Read that again. The mobster whose criminal empire formed the basis of the prosecution is saying, in his own handwriting, that the wrong man took the fall. And the document containing that admission was in government hands for more than a decade before it surfaced.

The man who walked free, and the one who didn't

The story of John Morris deserves particular scrutiny. Morris, the FBI supervisor Bulger identified as his actual source, testified against Connolly as part of a cooperation agreement that granted him immunity from prosecution. He became, in the prosecution's framework, a star witness.

Consider the architecture of that arrangement:

  • Bulger names Morris as his mole.
  • Morris receives immunity in exchange for testimony against Connolly.
  • Connolly, the agent Bulger says was wrongly blamed, gets convicted on that testimony.
  • The manuscript contradicting the entire theory sits in a sealed envelope for years.

This isn't a technicality. This is the foundation of the case cracking under its own weight.

A prosecution built on concealment

The Connolly case has long carried the odor of institutional overreach. He was indicted on a first-degree murder charge 21 years after the 1982 killing. Prosecutors claimed that Bulger and Stephen Flemmi ordered Callahan's killing, and that Connolly tipped them off that Callahan's ties to them were being investigated in connection with the 1981 killing of Roger Wheeler, who owned World Jai Alai. Mob hitman John Martorano shot Callahan in the back of the head and left his body in the trunk of a car at Miami International Airport.

The violence is real. John Callahan is dead. No one disputes the brutality of what happened.

But the question the courts must now confront is whether the right man was held responsible.
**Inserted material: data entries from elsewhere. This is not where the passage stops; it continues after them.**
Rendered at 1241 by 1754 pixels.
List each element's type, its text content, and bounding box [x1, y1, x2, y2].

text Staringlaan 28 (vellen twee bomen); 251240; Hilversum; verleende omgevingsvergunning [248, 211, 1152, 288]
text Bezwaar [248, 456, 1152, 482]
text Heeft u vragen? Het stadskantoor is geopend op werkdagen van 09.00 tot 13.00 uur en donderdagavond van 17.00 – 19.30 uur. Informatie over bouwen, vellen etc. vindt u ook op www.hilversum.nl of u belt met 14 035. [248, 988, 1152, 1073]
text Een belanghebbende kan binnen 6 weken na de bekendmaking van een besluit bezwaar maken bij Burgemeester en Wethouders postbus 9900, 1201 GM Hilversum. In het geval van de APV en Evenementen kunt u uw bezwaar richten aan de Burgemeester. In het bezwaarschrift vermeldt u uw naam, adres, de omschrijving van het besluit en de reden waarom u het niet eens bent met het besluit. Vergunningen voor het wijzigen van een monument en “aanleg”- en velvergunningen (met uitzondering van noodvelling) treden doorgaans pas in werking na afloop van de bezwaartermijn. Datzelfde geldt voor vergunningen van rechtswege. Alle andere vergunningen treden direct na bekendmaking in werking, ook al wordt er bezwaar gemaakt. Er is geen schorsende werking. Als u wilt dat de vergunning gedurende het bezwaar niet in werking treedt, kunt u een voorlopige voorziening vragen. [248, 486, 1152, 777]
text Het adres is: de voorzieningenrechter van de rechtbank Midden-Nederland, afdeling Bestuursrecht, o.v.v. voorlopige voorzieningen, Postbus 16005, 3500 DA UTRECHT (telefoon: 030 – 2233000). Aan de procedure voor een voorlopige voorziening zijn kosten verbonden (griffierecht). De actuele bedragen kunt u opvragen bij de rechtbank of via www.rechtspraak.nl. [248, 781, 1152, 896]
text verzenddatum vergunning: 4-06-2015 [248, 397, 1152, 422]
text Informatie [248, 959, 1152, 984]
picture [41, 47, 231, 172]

Courts have previously found that some evidence in the case was improperly withheld. A longtime prosecutor involved in the Connolly case resigned amid reports of misconduct. And now the late mob boss's own manuscript, seized in 2011 and disclosed in 2024, points the finger squarely at someone who was never prosecuted.
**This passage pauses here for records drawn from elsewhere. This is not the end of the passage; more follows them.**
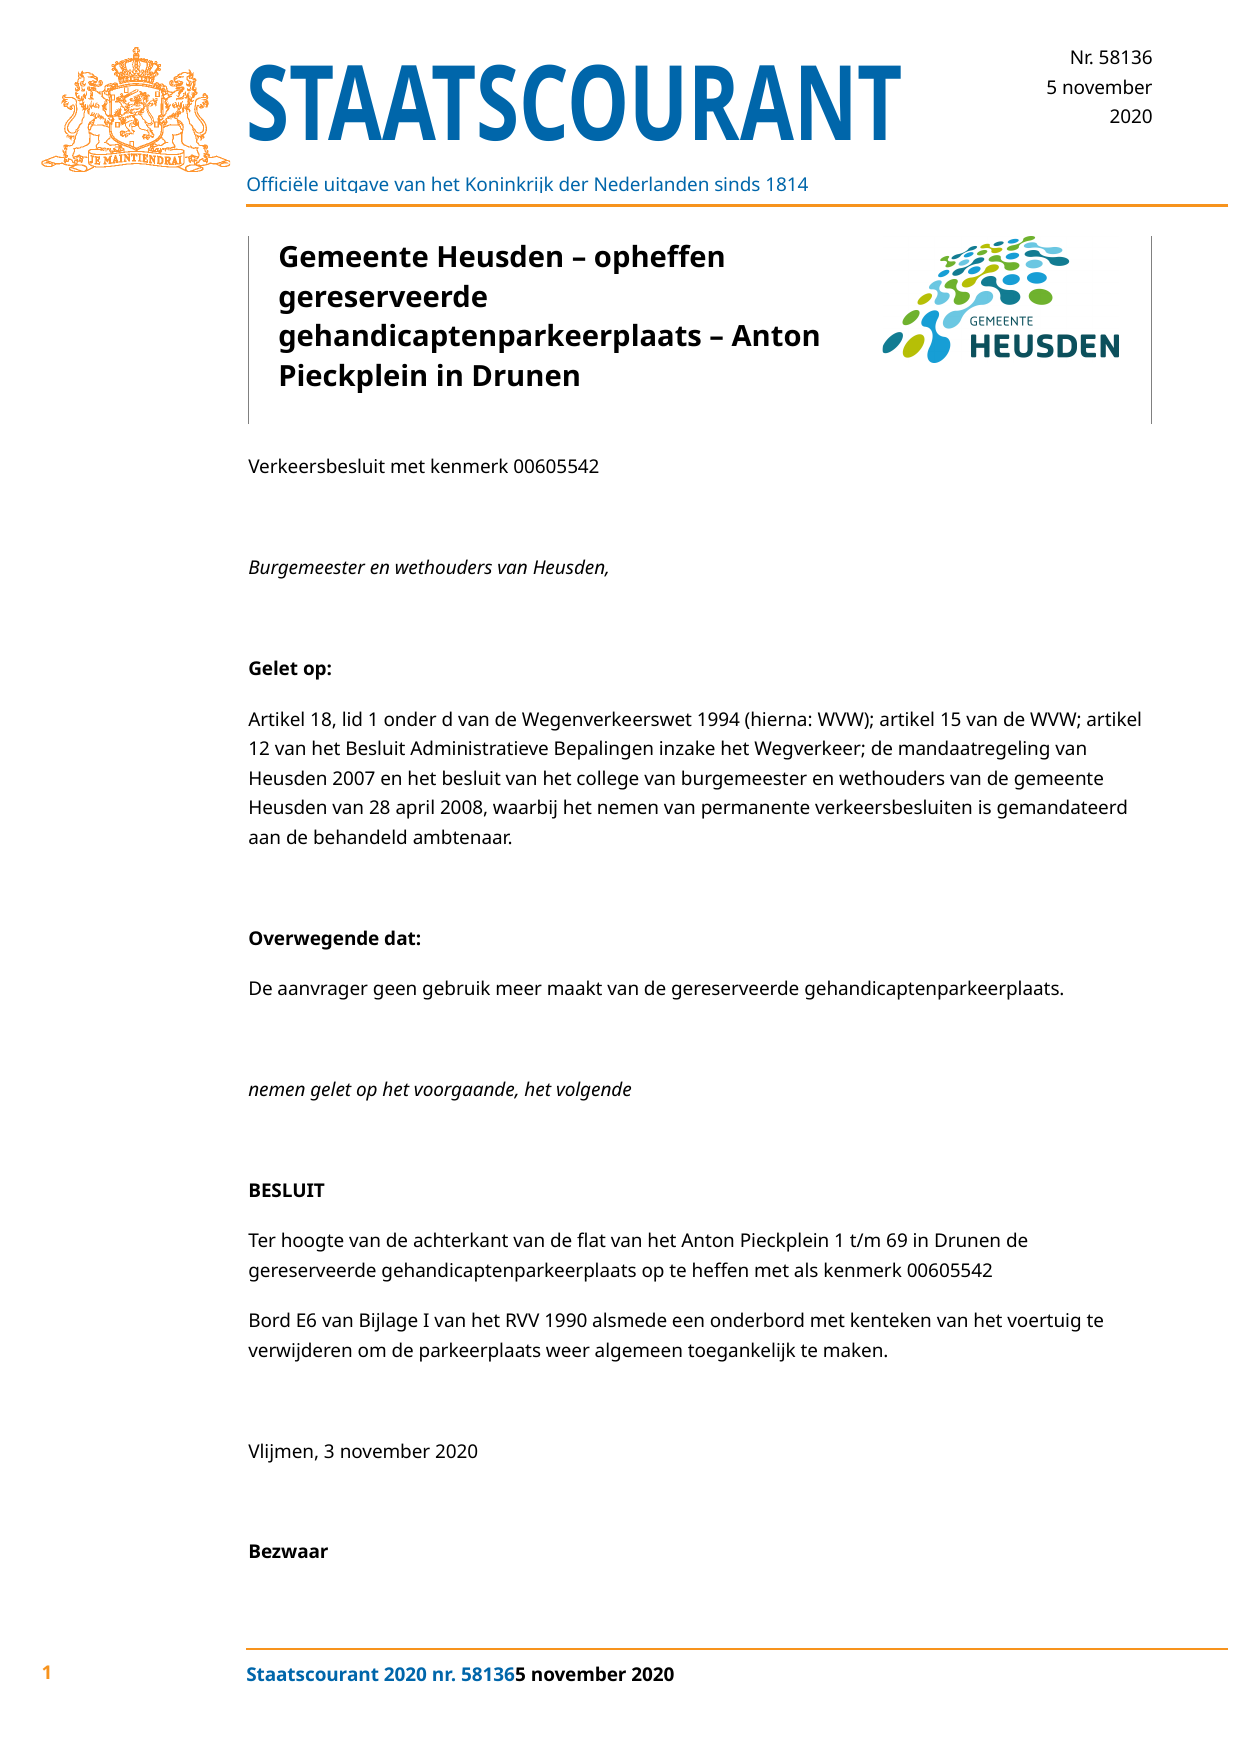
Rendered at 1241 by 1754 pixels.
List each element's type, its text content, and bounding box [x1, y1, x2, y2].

text nemen gelet op het voorgaande, het volgende [248, 1076, 1152, 1102]
text Vlijmen, 3 november 2020 [248, 1438, 1152, 1463]
text Bord E6 van Bijlage I van het RVV 1990 alsmede een onderbord met kenteken van het voertuig te verwijderen om de parkeerplaats weer algemeen toegankelijk te maken. [248, 1307, 1152, 1363]
text Bezwaar [248, 1539, 1152, 1564]
text Ter hoogte van de achterkant van de flat van het Anton Pieckplein 1 t/m 69 in Drunen de gereserveerde gehandicaptenparkeerplaats op te heffen met als kenmerk 00605542 [248, 1227, 1152, 1283]
table_header Gemeente Heusden – opheffen gereserveerde gehandicaptenparkeerplaats – Anton Pieckplein in Drunen [249, 236, 850, 424]
picture [41, 47, 231, 172]
text Overwegende dat: [248, 925, 1152, 951]
text Verkeersbesluit met kenmerk 00605542 [248, 454, 1152, 479]
table_header [850, 236, 1151, 424]
text Gelet op: [248, 655, 1152, 681]
text Artikel 18, lid 1 onder d van de Wegenverkeerswet 1994 (hierna: WVW); artikel 15 van de WVW; artikel 12 van het Besluit Administratieve Bepalingen inzake het Wegverkeer; de mandaatregeling van Heusden 2007 en het besluit van het college van burgemeester en wethouders van de gemeente Heusden van 28 april 2008, waarbij het nemen van permanente verkeersbesluiten is gemandateerd aan de behandeld ambtenaar. [248, 706, 1152, 850]
text BESLUIT [248, 1177, 1152, 1203]
picture [882, 236, 1119, 363]
text Burgemeester en wethouders van Heusden, [248, 554, 1152, 580]
text De aanvrager geen gebruik meer maakt van de gereserveerde gehandicaptenparkeerplaats. [248, 975, 1152, 1001]

What this case says about prosecutorial power

Conservatives have long warned about the dangers of unchecked prosecutorial authority. The power to charge, to withhold, to grant immunity, and to shape a narrative through selective disclosure is among the most consequential authorities in the justice system. It is also among the least accountable.

The Connolly case is a study in what happens when that power operates in the dark. An agent who handled one of the most dangerous informant relationships in FBI history became the fall guy. The supervisor, Bulger, identified as his actual contact, walked free under an immunity deal. And the evidence that might have changed the outcome gathered dust in a sealed envelope marked "confidential."
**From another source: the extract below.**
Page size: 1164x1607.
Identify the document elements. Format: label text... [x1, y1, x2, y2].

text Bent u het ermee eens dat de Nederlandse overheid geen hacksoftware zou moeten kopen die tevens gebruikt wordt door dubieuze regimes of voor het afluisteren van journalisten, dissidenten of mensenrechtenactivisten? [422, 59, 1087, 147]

Bulger himself, of course, was no hero. The man who led Boston's Winter Hill Gang, who inspired Jack Nicholson's character in the 2006 Martin Scorsese film "The Departed," who was portrayed by Johnny Depp in 2015's "Black Mass," who served as an FBI informant against the Mafia (a claim he denied), was a career criminal by his own admission. He described himself as "a criminal almost all of my life" and wrote about using inside tips to stay ahead of the law.

But the credibility of his manuscript doesn't rest on his character. It rests on the fact that prosecutors had it and didn't turn it over. A mobster's confession that exonerates the defendant is the definition of material evidence. Burying it is the definition of a Brady violation.

Eighty-five years old, and still fighting

John Connolly is 85. He was granted compassionate release four years ago after decades in prison. The motion his lawyers filed Monday may be his last opportunity to clear his name in a court of law.

The facts in that sealed envelope didn't disappear. They were hidden. And the man whose words could have changed everything wrote them down before he died, in his own hand, in a manuscript the FBI seized and the prosecution buried.

Justice delayed is not always justice denied. Sometimes it's justice concealed.